14 Recommender Systems

Recommender Systems

Collaborative Filtering

Matrix Factorization

This lecture discusses the basics of recommender systems, focusing on collaborative filtering. It introduces the nearest neighbor algorithm and matrix factorization techniques, including low-rank approximation via alternative minimization algorithm.

Author

Jiuru Lyu

Published

April 15, 2025

Collaborative filtering:
- Recommender problems that can be reduced to a matrix completion problem.
- We have a $n\times m$ matrix, where $n$ is the number of users and $m$ is the number of movies. Each entry $Y_{a,i}\in\qty{1,\dots,5}$ is the rating of user $a$ for movie $i$.
- The key idea is to borrow experience from other similar users.

Nearest Neighbors Prediction

$KNN(a,i)$: $k$ nearest neighbors
- The $k$ most similar users to $a$, who has rated movie $i$. \[\hat Y_{a,i}=\dfrac{1}{\abs{KNN(a,i)}}\sum_{b\in KNN(a,i)}Y_{b,i}\]
- How to find $KNN$? Correlation. Also, we can consider an average correction.
- Pro: Interpretable, easy to implement.
- Con: Slow.

Matrix Factorization

Notation: \[Y:n\times m,\] where $Y$ is the ratings, $n$ is the number of users, and $m$ is the number of items.
Problem: missing entries: not all $Y_{a,i}$’s are observed. $\implies$ Matrix completion problem:
- Fill out the missing entries
- Predict the unkonwn ratings.

First Attempt

Let $\hat Y$ represent the approximation of the true, unerlying rating matrix.

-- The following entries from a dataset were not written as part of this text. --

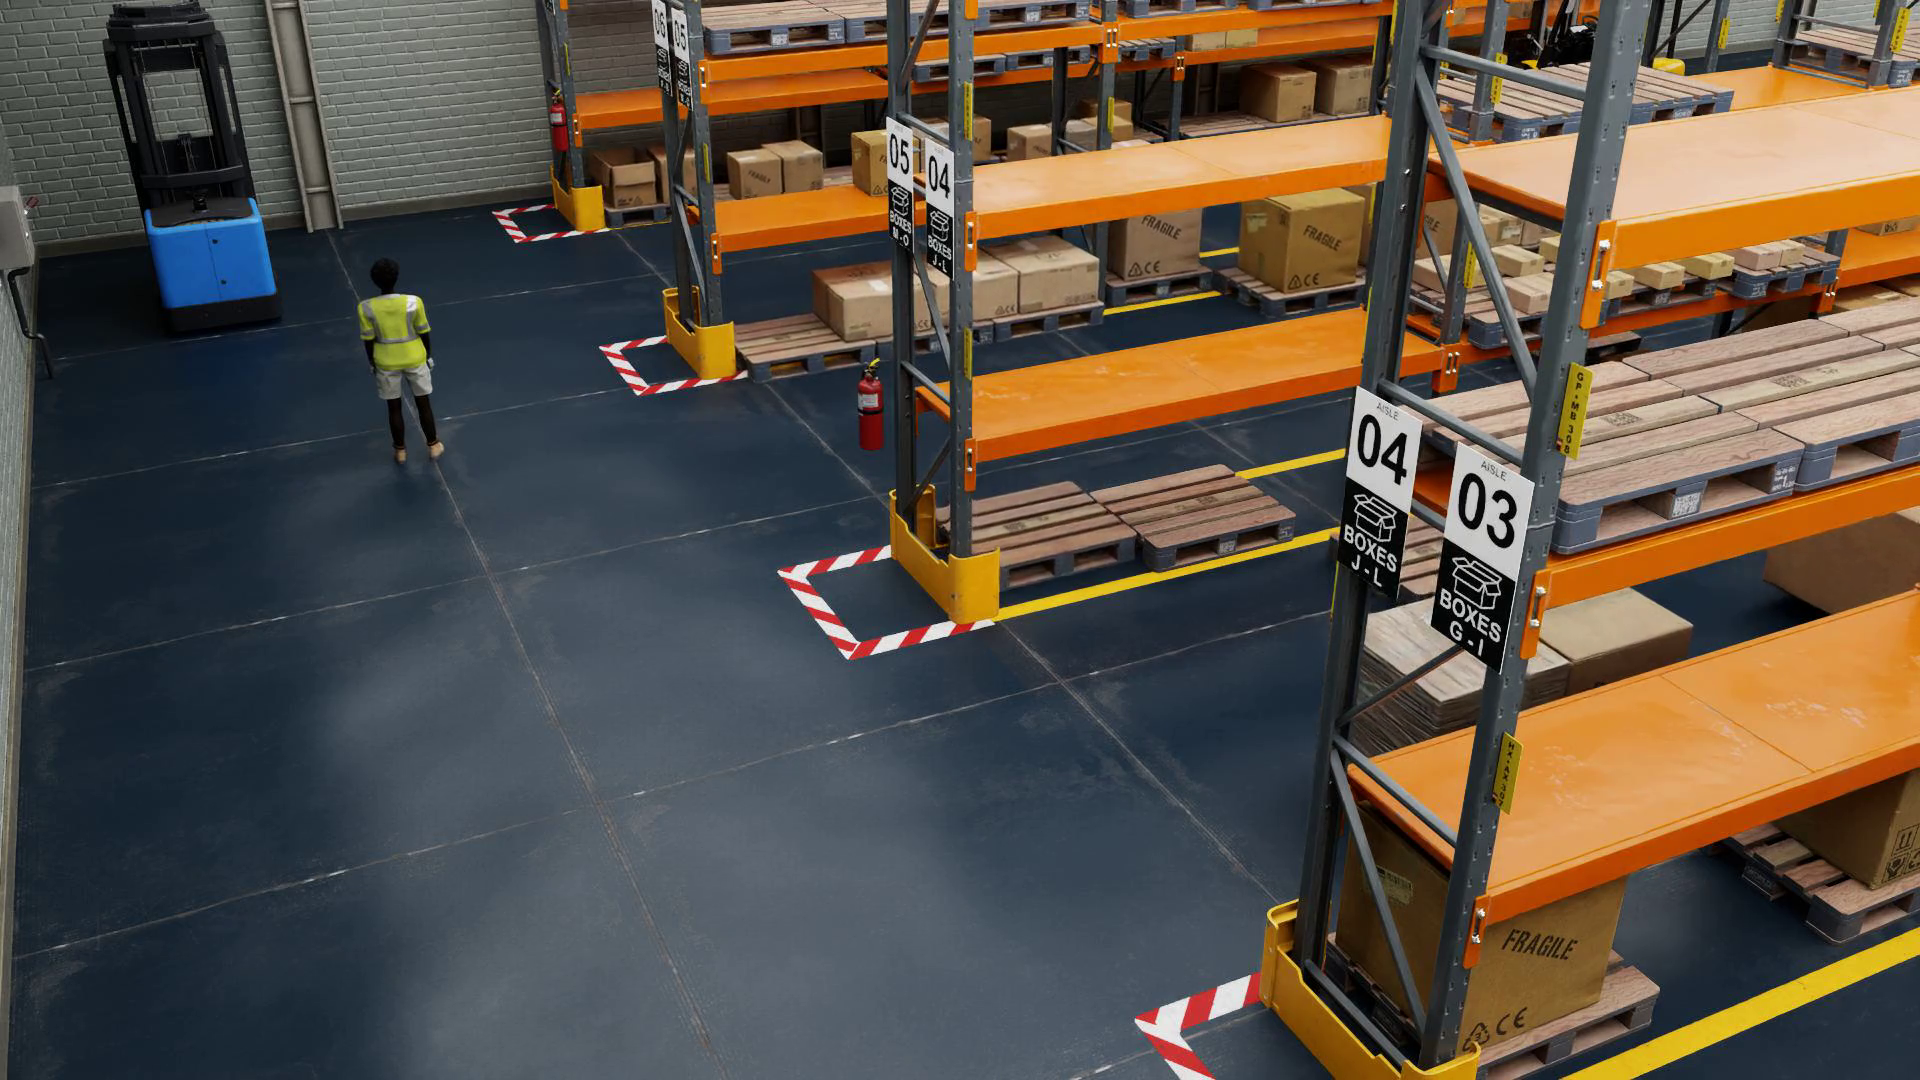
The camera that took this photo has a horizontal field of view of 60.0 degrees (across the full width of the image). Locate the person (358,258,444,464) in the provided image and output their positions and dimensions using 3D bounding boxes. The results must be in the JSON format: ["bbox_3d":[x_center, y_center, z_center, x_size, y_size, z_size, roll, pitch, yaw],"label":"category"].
[{"bbox_3d":[-4.462,-1.420,13.268,0.532,1.697,0.320,-7,28,-14],"label":"person"}]

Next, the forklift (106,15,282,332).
[{"bbox_3d":[-7.548,-3.672,16.323,1.129,2.768,1.873,-12,30,-22],"label":"forklift"}]

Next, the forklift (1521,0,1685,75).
[{"bbox_3d":[8.950,-6.807,23.056,1.214,2.155,2.313,-12,30,-22],"label":"forklift"}]

Formulate a regression problem with regularization: \[J(\hat Y)=\dfrac{1}{2}=\sum_{a,i\in D}\qty(Y_{ai}-\hat Y_{ai}^2+\dfrac{\lambda}{2}\sum_{a,i}\hat Y_{ai}^2),\] where $D$ is the set of observed data and the regularization term is added to all data.
Objective: find $\hat Y$ that minimizes $J(\hat Y)$. FOC gives us \[\pdv{J}{\hat Y_{ai}}=-\1\qty{(a,i)\in D}\qty(Y_{ai}-\hat Y_{ai})+\lambda\hat Y_{ai}\overset{\text{set}}{=}0.\]
- If $(a,i)\notin D$: unobserved entries: \[\hat Y_{ai}=0\quad\text{constantly predicting }0\]
- If $(a,i)\in D$: observed data: \[ \begin{aligned} -\qty(Y_{ai}-\hat Y_{ai})+\lambda\hat Y_{ai}&=0\\ \hat Y_{ai}&=\dfrac{Y_{ai}}{1+\lambda}\quad\longrightarrow\text{shrinking real values} \end{aligned} \] So, we have a trivial solution that is not useful.
Problem: without constraints, we can set each entry independently.
Idea: impose a constraint such that row/column are linearly dependent.
- Use a low-rank approximation via matrix factorization (constraint on rank).

Low-Rank Approximation

\[ Y\text{ is }n\times m\qquad\xrightarrow{\quad\text{approximation}\quad} \hat Y=UV^\top,\quad\text{where }U\in\R^{n\times k}, V\in\R^{m\times d}. \]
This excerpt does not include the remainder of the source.